The former wrestler’s son is currently serving an eight-month sentence at Florida’s Pinellas County Jail, after pleading no contest to a felony reckless driving offence following a horrific car crash in Clearwater, Florida – which left his friend and passenger, John Graziano, brain damaged.
But the 18-year-old is eligible for early release for his good behaviour, reports People.com.
A source tells the publication, “(Inmates) automatically get credits towards early release, and if they don’t do anything bad while they’re here, they get to use the credits.”
Graziano’s family lawyer George Tragos admits he is not surprised to hear of Bollea’s early release.
He says, “It’s standard procedure. There is no way for us to impact his release date, that’s not within our control. It’s a formula worked out by the sheriff.”
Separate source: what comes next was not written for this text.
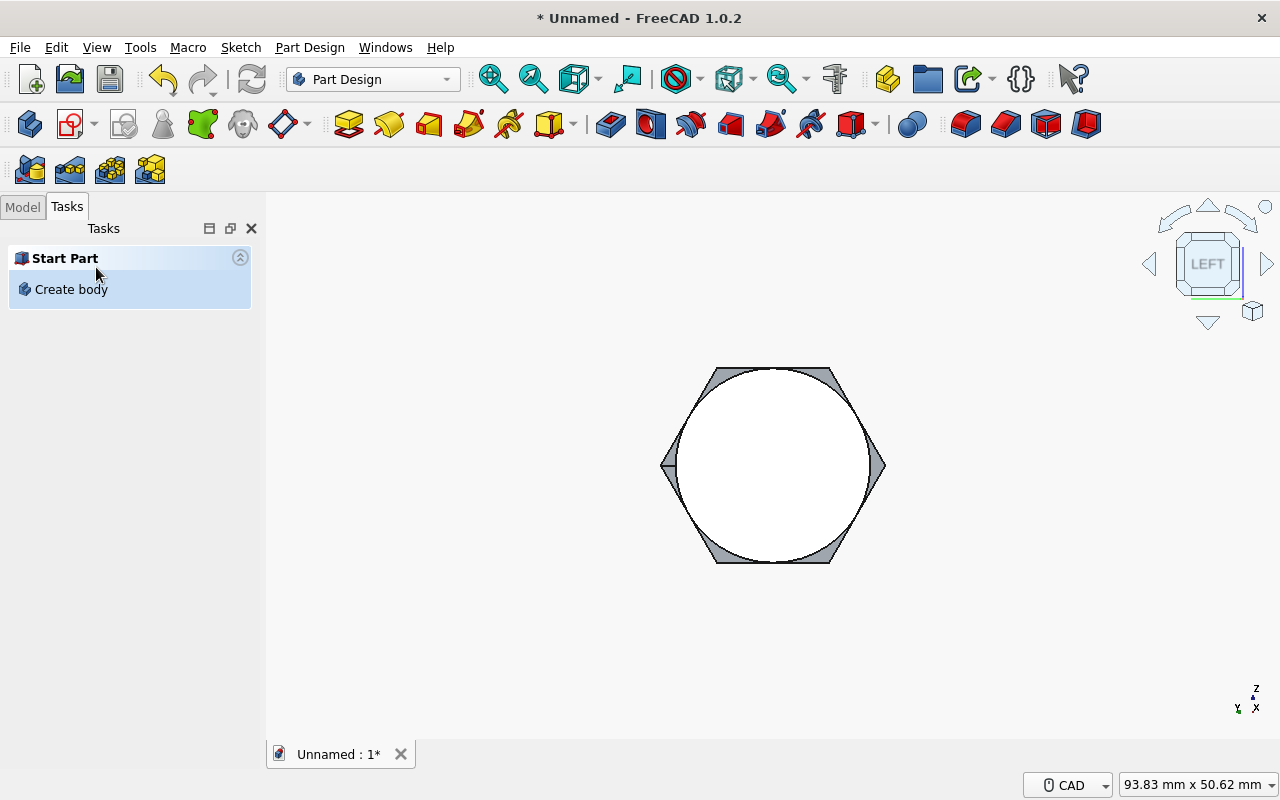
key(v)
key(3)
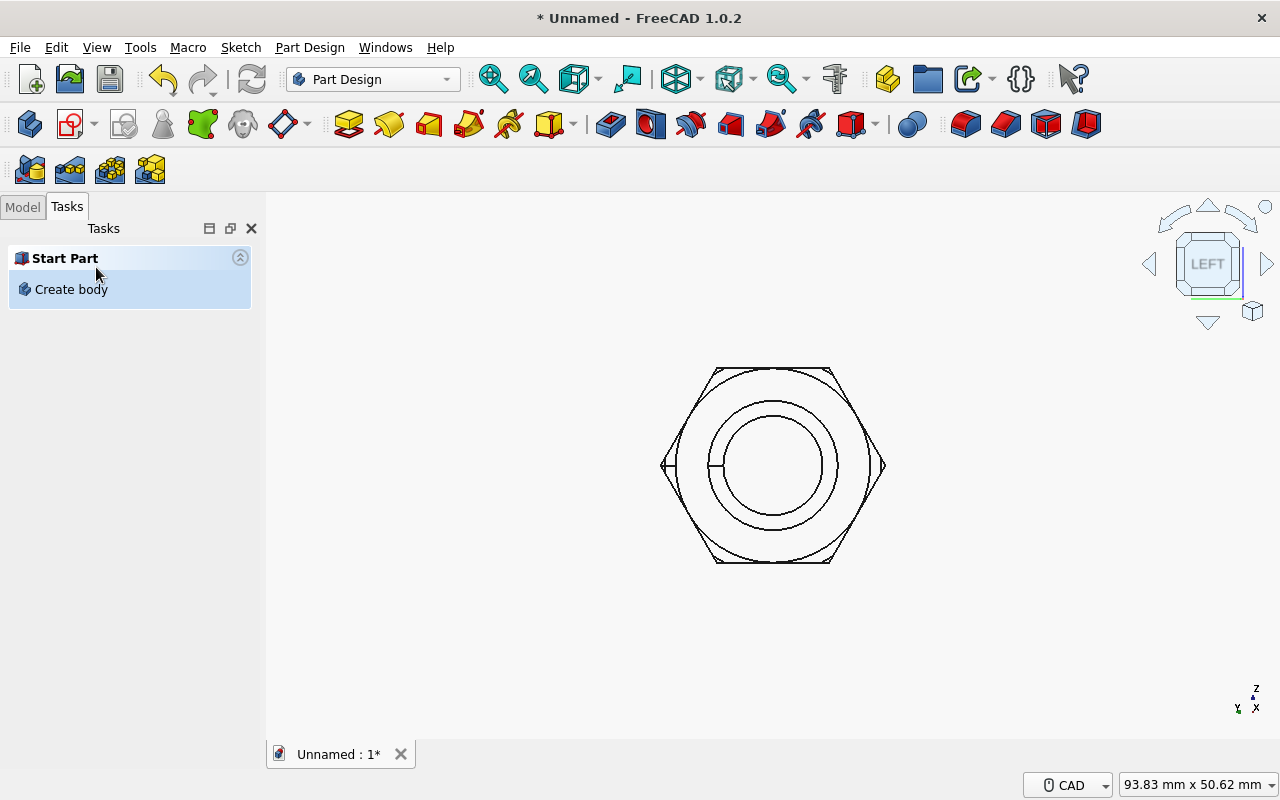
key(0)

What do you wanna bet that the sheriff’s formula has to do with who the inmate knows ‘on the outside’ and how much money they can get for granting early release. I realize early release happens all the time but it bothers me that Nick has virtually taken away this person’s life, as they had known it, and he gets to walk after serving only five months. The sentence of 8 months was ridiculously light to begin with and this entire case shows once again that laws do not apply to those of the privileged rich and famous, who are walking proofs that money can buy happiness…or at least freedom.